Last week, Treasury Secretary Henry Paulson said that using billions of federal dollars to buy troubled mortgage assets from banks was not working. He proposed that the funds instead should be used to buy consumer credit – auto loans, credit card debt. The market dropped more than 400 points that day.
“By changing tactics and communicating poorly, he may be inadvertently re-creating the same failed ad-hoc approach to the crisis that he’s been trying to escape,” Joshua Zumbrun wrote for Forbes last week. “That’s a problem. For the next three months, he’s still the bailer-in-chief for a market lacking confidence.”
Naturally, there are differing views on the best way to restore confidence to the market. The bailout, as passed by Congress in early October, gave the treasury secretary great leeway in using $700 billion to stop what was becoming a financial free-fall.
The initial focus was on getting what were euphemistically called “troubled assets” out of the system so that banks would loan money, thereby getting cash flowing to get markets working again. The assets were mainly mortgage-backed securities that could be sold when the market was normalized and the proceeds returned to the government and taxpayers.

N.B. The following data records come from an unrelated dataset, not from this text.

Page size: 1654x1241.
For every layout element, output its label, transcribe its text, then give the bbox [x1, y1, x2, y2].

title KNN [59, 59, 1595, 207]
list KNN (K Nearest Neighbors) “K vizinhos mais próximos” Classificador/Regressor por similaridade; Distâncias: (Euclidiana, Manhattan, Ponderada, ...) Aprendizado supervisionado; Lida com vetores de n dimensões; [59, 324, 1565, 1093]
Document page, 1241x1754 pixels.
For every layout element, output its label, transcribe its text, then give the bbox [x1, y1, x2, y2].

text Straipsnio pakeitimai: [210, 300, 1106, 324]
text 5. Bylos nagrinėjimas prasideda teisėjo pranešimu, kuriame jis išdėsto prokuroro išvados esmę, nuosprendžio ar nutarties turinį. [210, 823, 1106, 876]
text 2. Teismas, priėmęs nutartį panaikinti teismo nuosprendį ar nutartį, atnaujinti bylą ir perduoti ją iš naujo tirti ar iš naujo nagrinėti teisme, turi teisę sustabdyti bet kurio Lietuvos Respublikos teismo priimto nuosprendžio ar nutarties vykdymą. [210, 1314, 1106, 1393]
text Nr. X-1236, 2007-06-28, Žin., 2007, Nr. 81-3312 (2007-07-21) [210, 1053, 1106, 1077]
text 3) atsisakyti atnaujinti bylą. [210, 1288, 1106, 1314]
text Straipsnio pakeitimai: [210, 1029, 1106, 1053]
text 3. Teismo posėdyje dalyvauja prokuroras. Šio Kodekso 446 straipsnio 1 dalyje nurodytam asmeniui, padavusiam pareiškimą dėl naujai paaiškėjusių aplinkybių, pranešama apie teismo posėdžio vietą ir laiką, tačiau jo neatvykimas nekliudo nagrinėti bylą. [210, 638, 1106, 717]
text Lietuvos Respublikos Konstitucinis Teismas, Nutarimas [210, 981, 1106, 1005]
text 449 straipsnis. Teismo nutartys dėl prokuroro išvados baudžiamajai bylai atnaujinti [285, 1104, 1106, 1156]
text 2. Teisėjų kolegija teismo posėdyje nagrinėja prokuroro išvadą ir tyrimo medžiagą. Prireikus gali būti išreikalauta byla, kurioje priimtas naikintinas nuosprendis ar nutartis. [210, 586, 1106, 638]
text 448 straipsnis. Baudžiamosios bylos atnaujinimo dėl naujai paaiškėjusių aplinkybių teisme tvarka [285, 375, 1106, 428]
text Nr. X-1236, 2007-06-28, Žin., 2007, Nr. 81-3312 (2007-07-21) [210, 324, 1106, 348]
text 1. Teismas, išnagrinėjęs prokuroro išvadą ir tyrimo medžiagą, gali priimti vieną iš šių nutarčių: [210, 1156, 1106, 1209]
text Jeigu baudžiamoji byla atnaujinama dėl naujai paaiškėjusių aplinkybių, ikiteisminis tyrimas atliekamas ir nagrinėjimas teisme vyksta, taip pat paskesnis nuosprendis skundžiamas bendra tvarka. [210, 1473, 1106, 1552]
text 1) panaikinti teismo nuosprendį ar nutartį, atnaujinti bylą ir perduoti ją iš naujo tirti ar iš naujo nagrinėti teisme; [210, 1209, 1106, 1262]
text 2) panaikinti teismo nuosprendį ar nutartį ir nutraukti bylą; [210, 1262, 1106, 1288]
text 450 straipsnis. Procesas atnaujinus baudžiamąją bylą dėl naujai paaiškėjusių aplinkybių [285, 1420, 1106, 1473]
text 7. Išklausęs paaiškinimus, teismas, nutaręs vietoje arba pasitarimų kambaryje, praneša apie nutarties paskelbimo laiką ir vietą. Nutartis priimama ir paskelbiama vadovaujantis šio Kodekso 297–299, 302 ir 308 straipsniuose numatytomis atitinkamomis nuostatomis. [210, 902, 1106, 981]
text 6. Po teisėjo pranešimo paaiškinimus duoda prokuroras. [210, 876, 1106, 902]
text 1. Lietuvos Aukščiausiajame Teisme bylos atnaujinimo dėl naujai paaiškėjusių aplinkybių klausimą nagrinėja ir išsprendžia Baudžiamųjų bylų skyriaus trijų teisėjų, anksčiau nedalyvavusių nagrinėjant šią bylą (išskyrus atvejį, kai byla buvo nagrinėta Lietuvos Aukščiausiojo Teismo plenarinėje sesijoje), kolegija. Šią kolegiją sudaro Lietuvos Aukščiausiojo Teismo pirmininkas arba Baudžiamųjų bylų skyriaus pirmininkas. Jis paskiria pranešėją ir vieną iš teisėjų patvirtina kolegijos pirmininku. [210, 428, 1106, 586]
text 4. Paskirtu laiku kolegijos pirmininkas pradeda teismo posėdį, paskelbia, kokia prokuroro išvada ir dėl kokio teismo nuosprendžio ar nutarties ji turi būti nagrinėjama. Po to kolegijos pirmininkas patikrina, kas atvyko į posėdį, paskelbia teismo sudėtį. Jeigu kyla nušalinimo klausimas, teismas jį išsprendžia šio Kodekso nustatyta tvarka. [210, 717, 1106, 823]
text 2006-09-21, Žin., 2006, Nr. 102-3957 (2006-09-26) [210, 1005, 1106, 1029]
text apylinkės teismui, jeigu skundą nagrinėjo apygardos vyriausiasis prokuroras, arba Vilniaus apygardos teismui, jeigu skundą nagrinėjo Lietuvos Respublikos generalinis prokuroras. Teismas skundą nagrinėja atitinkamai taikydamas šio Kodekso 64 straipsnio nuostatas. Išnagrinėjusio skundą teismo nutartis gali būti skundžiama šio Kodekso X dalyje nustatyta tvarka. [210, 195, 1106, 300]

With about half the money allocated, the financial markets are still in turmoil, prompting Secretary Paulson to turn his attention to consumer credit. Helping consumers with car loans, student loans and credit card debt may inject some money into the system, but without collateral, there is no guarantee that the government will get any payback. Worse, with consumer borrowing exceeding savings, encouraging more debt is not a long-term solution.
Instead, two investment managers – Thomas Patrick of New Vernon Capital and Mac Taylor of Verum Capital Group – propose untangling the complex system of investments that was created to finance mortgages. As explained by New York Times financial columnist Gretchen Morgenson, the men propose the refinancing of more than $1 trillion worth of mortgages that soon will face big upward adjustments in interest rates. Homeowners would lock in a fixed rate and the complex system of financing the loans, called securitization, would be eliminated in favor of clearer financing from Fannie Mae and Freddie Mac. Taking the securitization off the hands of financial institutions would free up funds that could be used for other loans, along the lines of what the federal bailout is trying to achieve.
“If we eliminate these securities, strip away the complex structure, we can fix the banking system,” Mr. Patrick told the paper.
Simplicity being akin to predictability, this is a prescription worthy of consideration.